GRAY SUMMIT • Their school bus was smashed into another bus. There were cries and screams. Emergency workers whisked past them to tend to the injured.
The Red Regiment Marching Band students who walked away from the crash made a series of frantic phone calls to their parents. A small group huddled to pray.
Christopher Stull, in the midst of the chaotic scene, placed a call to his home.
"His voice was shaking, and he said, 'Dad there was a bad accident,' " recalled his father, Daniel. "He started to give me a graphic visual of what took place. I told him to relax and start to pray. I prayed with him."
For many, an agonizing wait followed to be reunited with parents at different hospitals. For the parents, there were prayers for the victims, worry about the effects on their kids — and a certain sense of relief.
"We are very fortunate to be able to take our son home with us today," said Kelly Griffith, whose son Kolby was on the second bus.
The students from John F. Hodge High School were headed for their annual field trip to Six Flags when the first school bus, carrying the girls, slammed into a pickup. The bus carrying the boys then slammed into the girls' bus, which came to rest atop a truck tractor.
Christopher Stull, 15, a sophomore who plays saxophone, was treated for minor injuries and released from St. Clare Health Center in Fenton.
According to his father, Christopher was laughing with a friend when he heard skidding, then felt the impact.
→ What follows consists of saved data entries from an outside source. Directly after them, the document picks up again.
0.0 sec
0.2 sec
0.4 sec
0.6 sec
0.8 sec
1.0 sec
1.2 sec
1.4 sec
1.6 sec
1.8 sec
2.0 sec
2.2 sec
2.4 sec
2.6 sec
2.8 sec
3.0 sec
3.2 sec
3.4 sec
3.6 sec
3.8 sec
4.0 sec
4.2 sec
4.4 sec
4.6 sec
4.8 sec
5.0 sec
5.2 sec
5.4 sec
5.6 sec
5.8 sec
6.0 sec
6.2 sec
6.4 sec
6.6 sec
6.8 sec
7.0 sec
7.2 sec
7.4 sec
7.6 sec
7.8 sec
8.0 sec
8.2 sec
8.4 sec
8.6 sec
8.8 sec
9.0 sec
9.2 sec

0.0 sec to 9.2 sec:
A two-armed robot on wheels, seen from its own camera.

"It threw him forward and the bench in front of him caught him in the center of his chest," Daniel Stull said. "The doctor said there would be bruising and soreness because it's sort of a compression injury. He said he'll feel it really bad in the morning when he wakes up."
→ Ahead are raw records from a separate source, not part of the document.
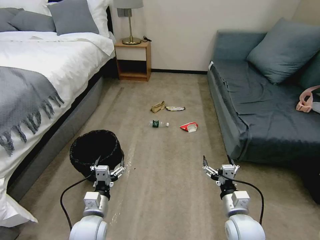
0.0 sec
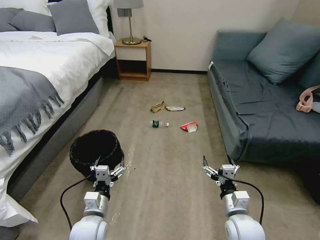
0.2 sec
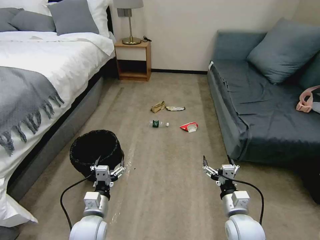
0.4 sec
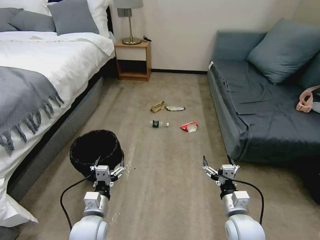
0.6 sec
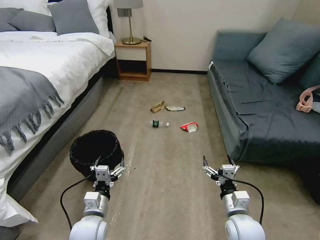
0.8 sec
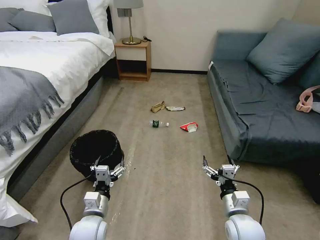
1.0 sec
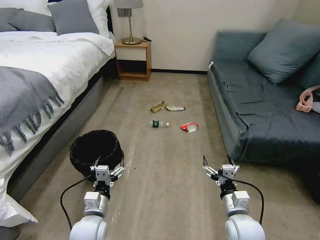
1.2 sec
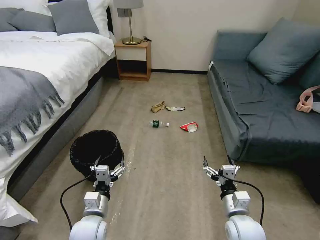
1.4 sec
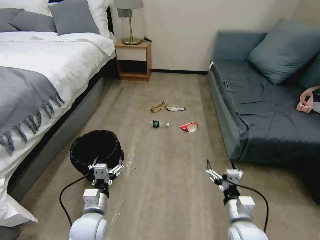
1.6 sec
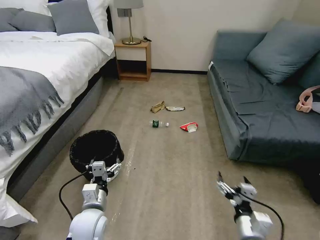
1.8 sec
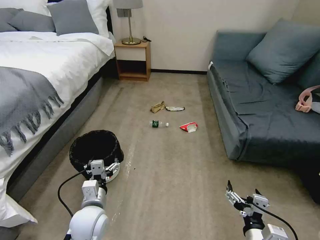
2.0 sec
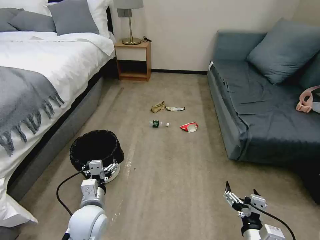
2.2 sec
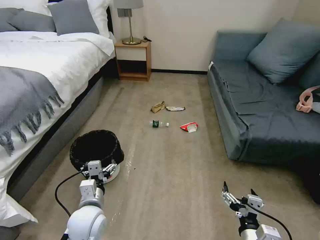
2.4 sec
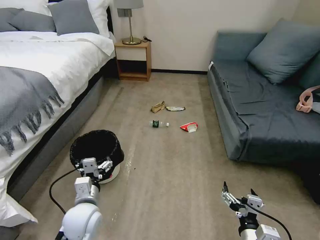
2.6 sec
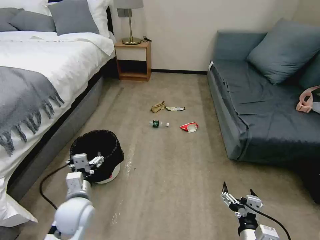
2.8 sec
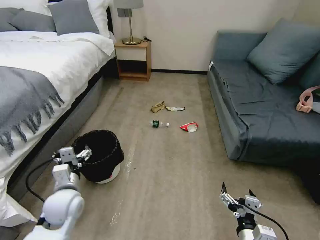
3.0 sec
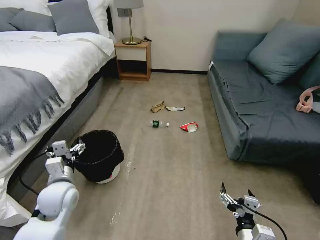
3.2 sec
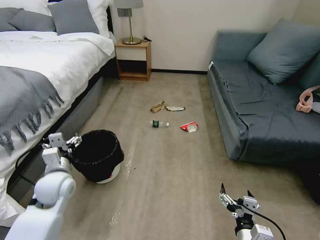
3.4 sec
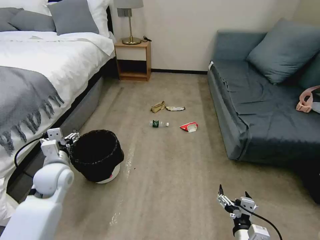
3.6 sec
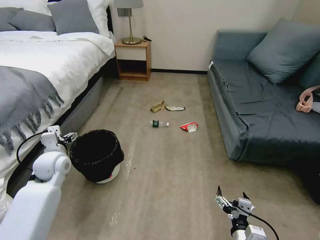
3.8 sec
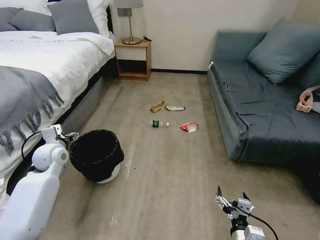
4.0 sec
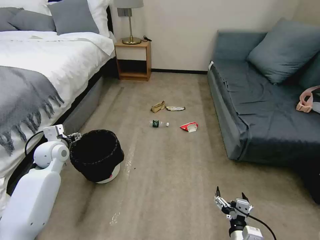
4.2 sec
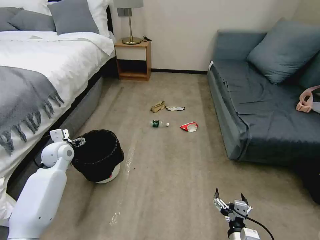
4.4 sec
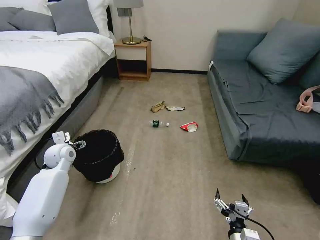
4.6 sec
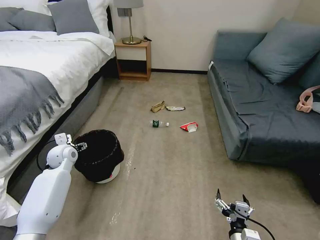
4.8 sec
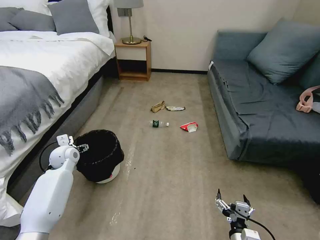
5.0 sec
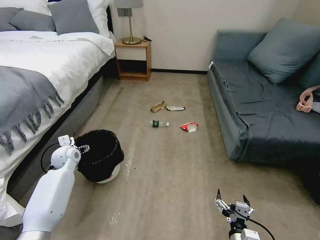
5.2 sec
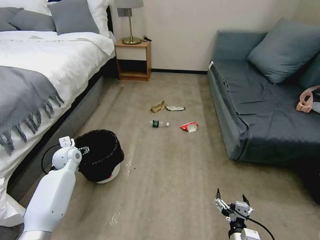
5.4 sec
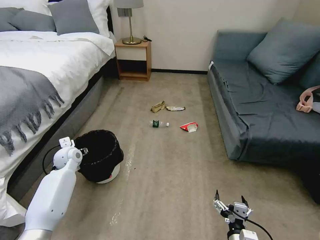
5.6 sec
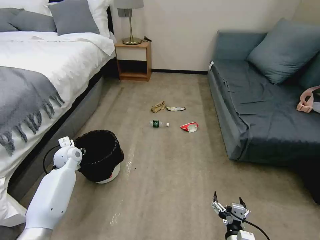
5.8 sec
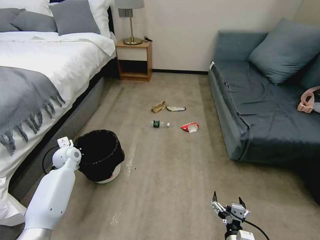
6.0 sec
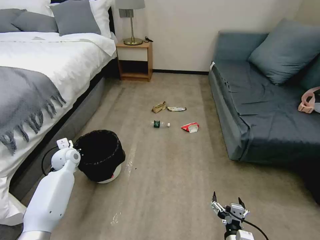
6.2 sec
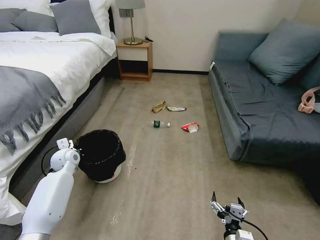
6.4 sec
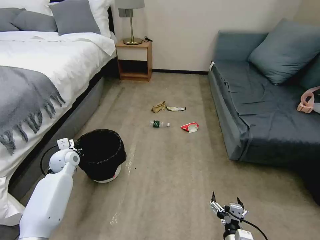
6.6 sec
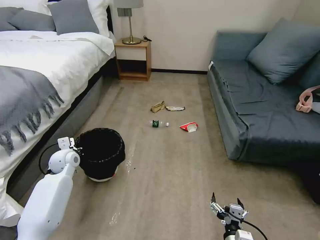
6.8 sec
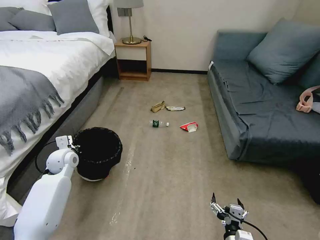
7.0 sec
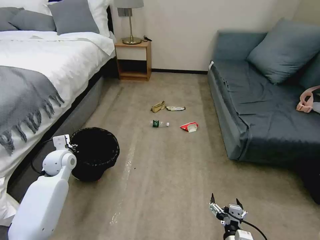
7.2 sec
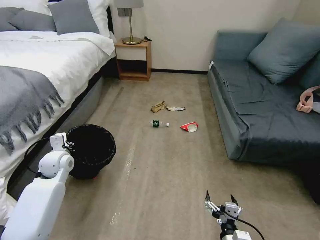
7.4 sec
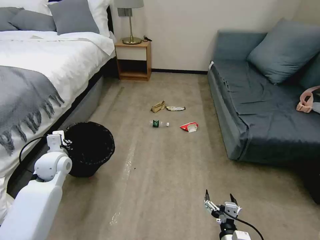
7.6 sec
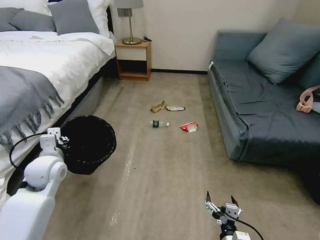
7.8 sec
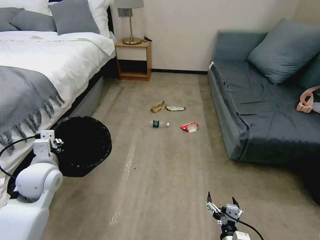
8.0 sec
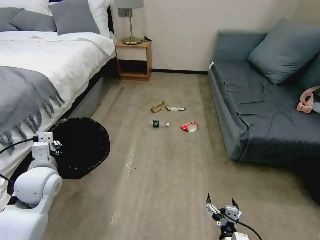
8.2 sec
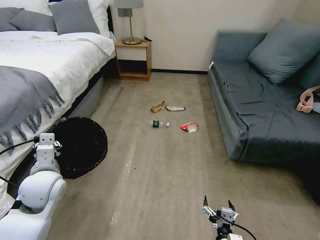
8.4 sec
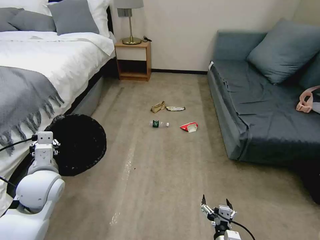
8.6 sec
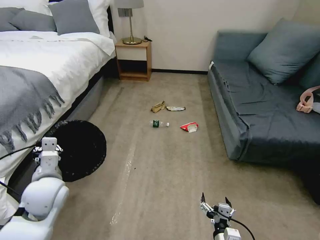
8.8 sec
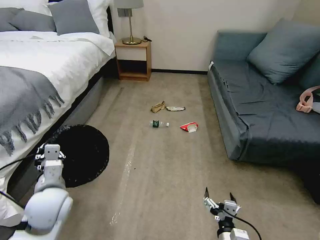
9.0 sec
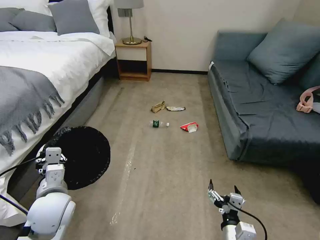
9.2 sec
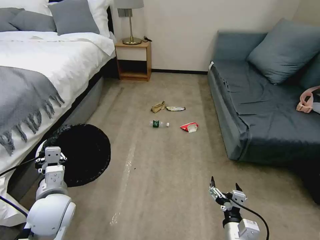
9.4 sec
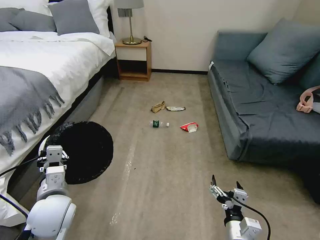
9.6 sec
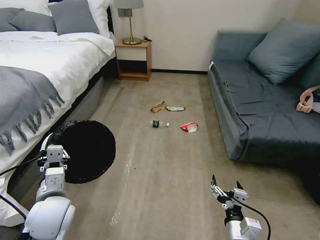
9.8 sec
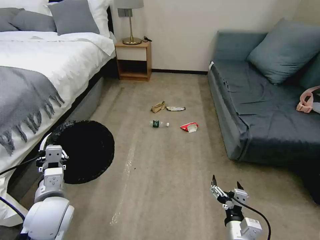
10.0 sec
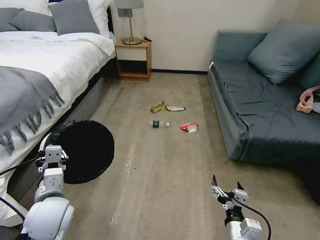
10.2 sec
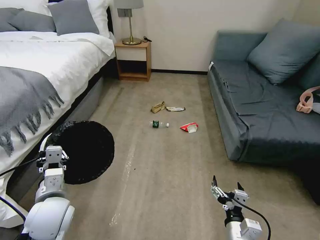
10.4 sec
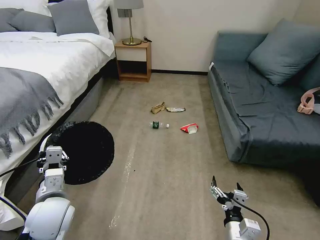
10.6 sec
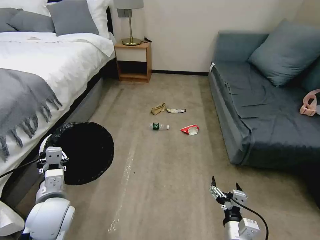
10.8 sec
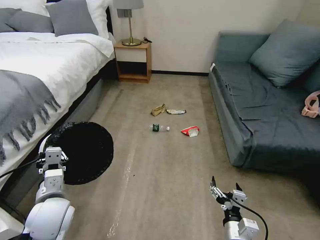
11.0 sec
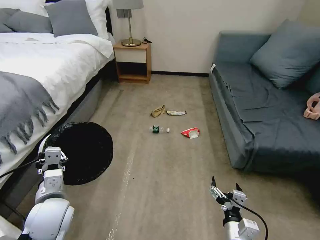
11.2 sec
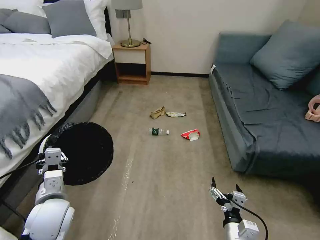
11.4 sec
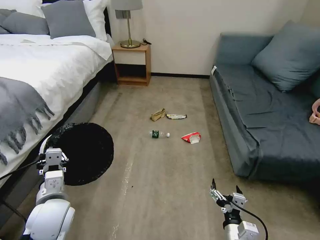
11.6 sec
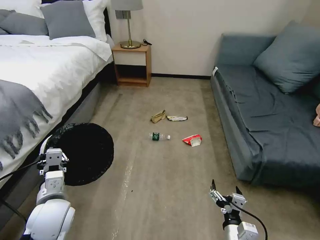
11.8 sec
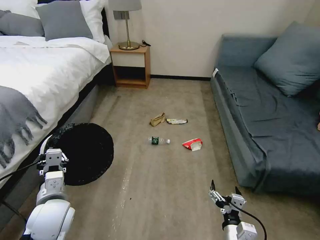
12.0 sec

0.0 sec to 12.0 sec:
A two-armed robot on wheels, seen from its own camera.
Task of the whole recording: Pick up the trash bin, then pick up the garbage on the floor and place it into the trash bin.
1.6 sec to 3.0 sec: The right gripper is displaced backward by some 5 cm. Meanwhile the left gripper heads to the left and upward, covering approximately 10 cm.
3.0 sec to 4.4 sec: The left gripper travels forward and to the left by about 20 cm, while the right gripper moves some 5 cm.
4.4 sec to 6.0 sec: The left gripper shifts roughly 5 cm downward, and closes.
6.0 sec to 7.6 sec: The left gripper moves backward and upward, approximately 10 cm.
7.6 sec to 9.0 sec: The left gripper moves backward and to the right, some 15 cm.
9.0 sec to 10.4 sec: The grippers stay close to where they were, moving slightly.

Donna Lorts got the news from a phone call from her 16-year-old son, Taylor. "Mom, I'm OK, but something really bad happened," he told her from his cell phone.
He wouldn't tell her much else.
"He didn't want to tell me too much because he thought I would worry," she said.
Her husband, Steve Lorts, then called his son. He could tell by Taylor's voice that the boy was in shock. He had been taken by ambulance to St. John's Mercy Hospital in Washington, and Taylor thought he had a dislocated shoulder.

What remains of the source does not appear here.